::: Supplied data :::

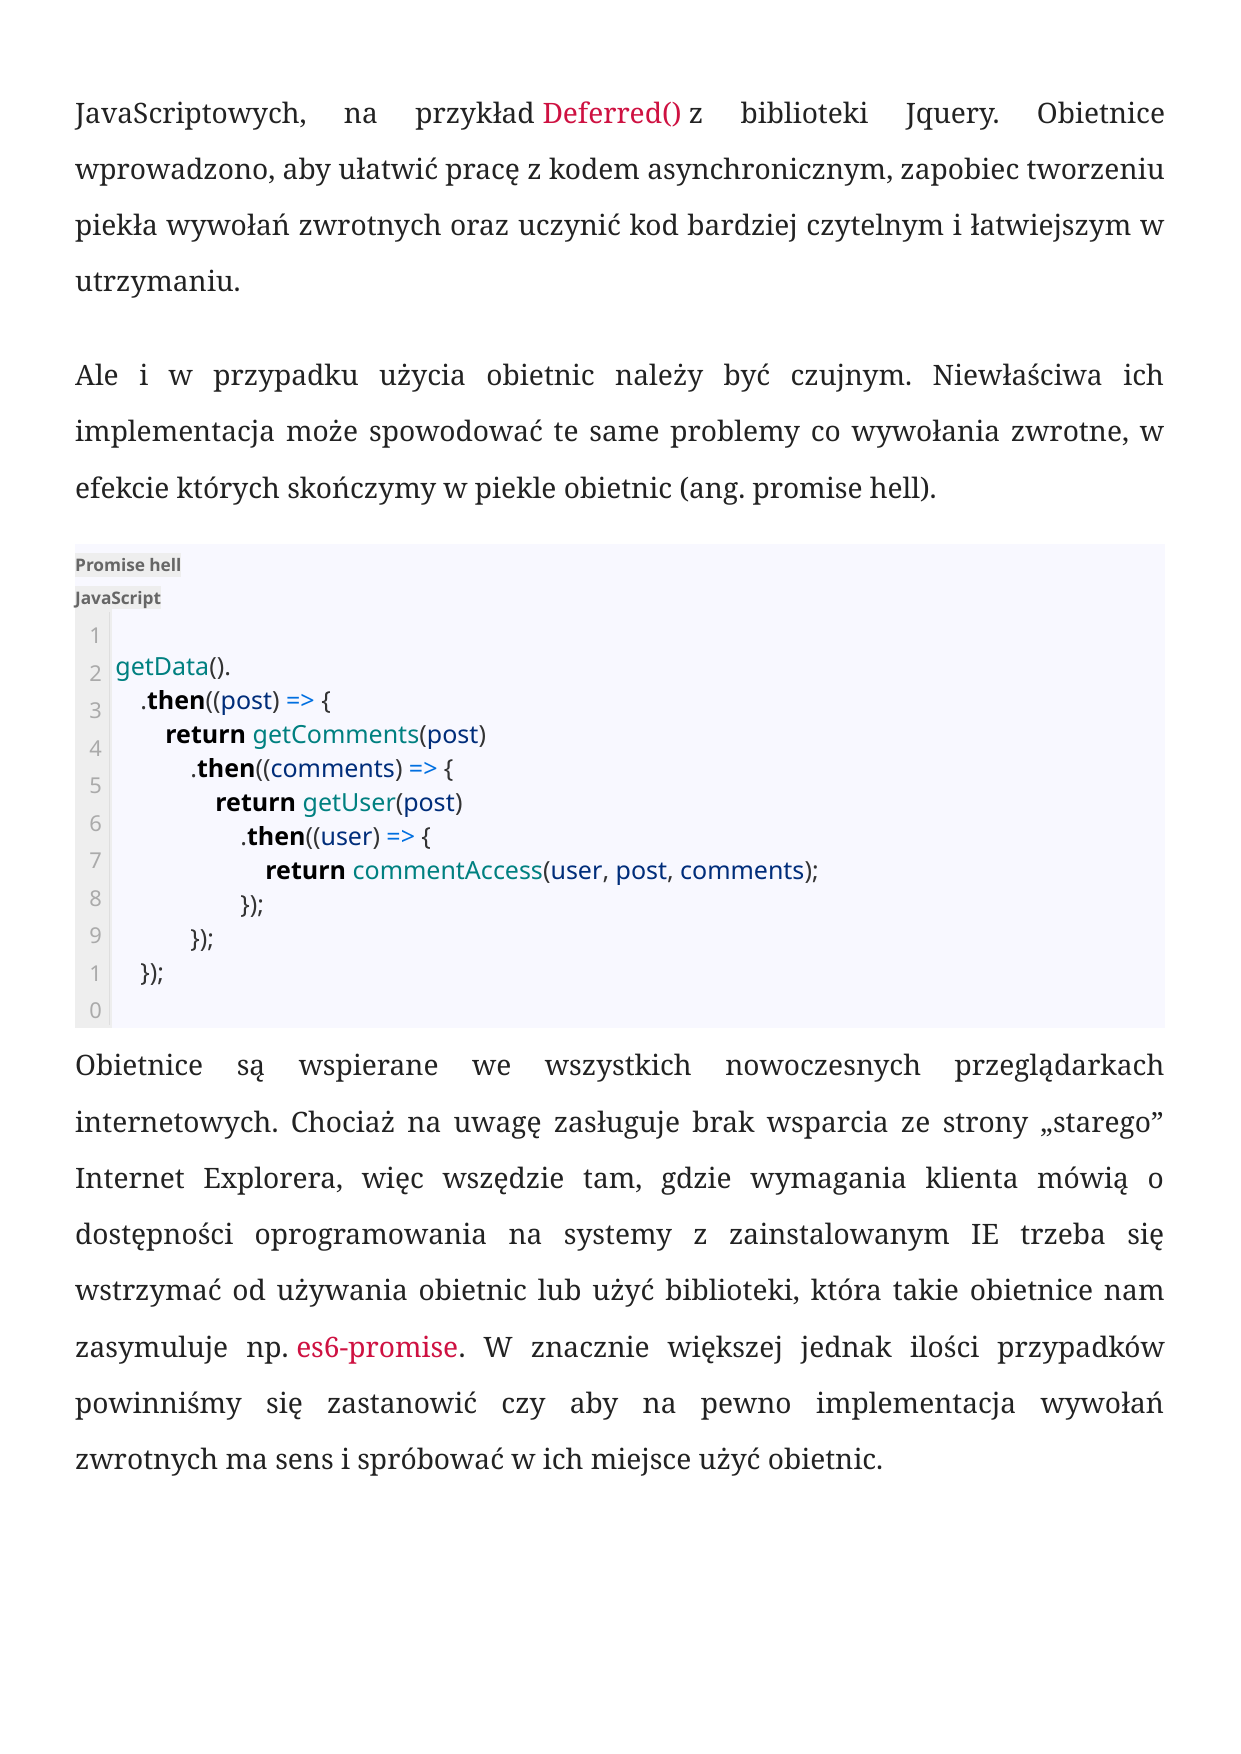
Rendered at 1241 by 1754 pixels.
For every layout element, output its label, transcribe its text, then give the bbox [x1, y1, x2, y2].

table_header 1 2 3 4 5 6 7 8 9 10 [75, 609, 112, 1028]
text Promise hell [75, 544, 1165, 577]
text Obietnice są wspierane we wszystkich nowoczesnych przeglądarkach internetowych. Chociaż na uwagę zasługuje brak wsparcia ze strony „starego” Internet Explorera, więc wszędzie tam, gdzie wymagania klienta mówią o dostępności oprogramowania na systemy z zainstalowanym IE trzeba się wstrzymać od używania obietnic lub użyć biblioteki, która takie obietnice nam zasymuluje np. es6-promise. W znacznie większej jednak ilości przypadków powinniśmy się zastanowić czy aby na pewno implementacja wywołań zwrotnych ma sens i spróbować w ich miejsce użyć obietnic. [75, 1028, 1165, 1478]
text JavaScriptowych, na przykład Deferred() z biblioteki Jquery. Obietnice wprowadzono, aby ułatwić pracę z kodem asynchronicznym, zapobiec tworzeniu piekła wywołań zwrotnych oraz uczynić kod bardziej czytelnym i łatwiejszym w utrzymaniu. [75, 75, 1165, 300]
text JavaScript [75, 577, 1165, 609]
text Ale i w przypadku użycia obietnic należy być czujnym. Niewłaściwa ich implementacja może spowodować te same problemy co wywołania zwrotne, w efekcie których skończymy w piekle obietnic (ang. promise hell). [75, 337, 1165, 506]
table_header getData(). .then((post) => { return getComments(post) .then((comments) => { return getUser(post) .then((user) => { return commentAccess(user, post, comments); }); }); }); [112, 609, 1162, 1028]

:::

— What the task requires —
No image belongs in the copy. Transcribe the full listing verbatim.

— Finished task —
Rendered at 1241 by 1754 pixels.
For every layout element, output its label, transcribe its text, then give the bbox [x1, y1, x2, y2].

table_header 1 2 3 4 5 6 7 8 9 10 [75, 609, 112, 1028]
text Promise hell [75, 544, 1165, 577]
text Obietnice są wspierane we wszystkich nowoczesnych przeglądarkach internetowych. Chociaż na uwagę zasługuje brak wsparcia ze strony „starego” Internet Explorera, więc wszędzie tam, gdzie wymagania klienta mówią o dostępności oprogramowania na systemy z zainstalowanym IE trzeba się wstrzymać od używania obietnic lub użyć biblioteki, która takie obietnice nam zasymuluje np. es6-promise. W znacznie większej jednak ilości przypadków powinniśmy się zastanowić czy aby na pewno implementacja wywołań zwrotnych ma sens i spróbować w ich miejsce użyć obietnic. [75, 1028, 1165, 1478]
text JavaScriptowych, na przykład Deferred() z biblioteki Jquery. Obietnice wprowadzono, aby ułatwić pracę z kodem asynchronicznym, zapobiec tworzeniu piekła wywołań zwrotnych oraz uczynić kod bardziej czytelnym i łatwiejszym w utrzymaniu. [75, 75, 1165, 300]
text JavaScript [75, 577, 1165, 609]
text Ale i w przypadku użycia obietnic należy być czujnym. Niewłaściwa ich implementacja może spowodować te same problemy co wywołania zwrotne, w efekcie których skończymy w piekle obietnic (ang. promise hell). [75, 337, 1165, 506]
table_header getData(). .then((post) => { return getComments(post) .then((comments) => { return getUser(post) .then((user) => { return commentAccess(user, post, comments); }); }); }); [112, 609, 1162, 1028]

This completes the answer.